Language: Python
Introduction: This project is centred around a Kaggle competition, and seeks to use Machine Learning techniques to create a recommender system. In this competition, H&M Group have invited contributors to make product recommendations based on data from previous transactions and from customer and product meta data. The task is to predict twelve product article_ids that each customer might purchase during the seven-day period immediately after the two-year transaction data provided.
I decided to split the historical transaction data into two timeframes, using the earlier data to generate information about each of the customers and to build an analytical base table, and using the most popular articles purchased by customers in the later data as target labels for model training purposes. In terms of Machine Learning, I developed a twin approach. The first approach set out to predict later article_id purchases based on previous purchases at the same granularity, article_id, as this would certainly capture the most information. Ultimately, this strategy came at too high a computational cost even using Kaggle's public tier or Google Colab. Instead, I sought to predict article_id purchases based on previous purchases measured at a coarser grain. However, the pipeline used for this coarse grain data can easily be adapted to the finer grain data given access to more powerful machinery. The second approach sought to aggregate information about each customer based on their previous purchases, engineering features such as favourite colour and favourite pattern. Unfortunately, neither model proved to have much predictive power on their own as they were unable to beat a baseline non-personalised prediction for all customers, a simple prediction of the most popular twelve articles from the final week of data (this prediction carried a score of 0.0056 on Kaggle). Ultimately, I decided to combine these approaches into a hybrid model. Happily, the hybrid model works! It is able to beat the baseline score by assigning better individual recommendations to each customer from among the most popular articles.
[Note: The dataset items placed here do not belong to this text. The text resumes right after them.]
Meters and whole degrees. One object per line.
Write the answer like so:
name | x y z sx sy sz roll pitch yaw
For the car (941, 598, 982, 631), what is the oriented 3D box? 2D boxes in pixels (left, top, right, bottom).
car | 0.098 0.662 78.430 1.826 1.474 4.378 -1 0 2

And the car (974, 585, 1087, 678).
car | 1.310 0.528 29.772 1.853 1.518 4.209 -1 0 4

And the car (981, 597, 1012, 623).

Data Files: There are three primary datasets to contend with: articles.csv, customers.csv, and transactions_train.csv. The articles.csv contains information relating to the articles that are available for sale at H&M, the customers.csv file contains information on each customer in the database, while transactions_train.csv contains all of the purchases over a two year period from September 2018 to September 2020. The grain of the purchasing data is per customer per article. There is also a fourth data set provided, sample_submission.csv, which contains a sample submission. These files are too large to include here, but can be found at the link below.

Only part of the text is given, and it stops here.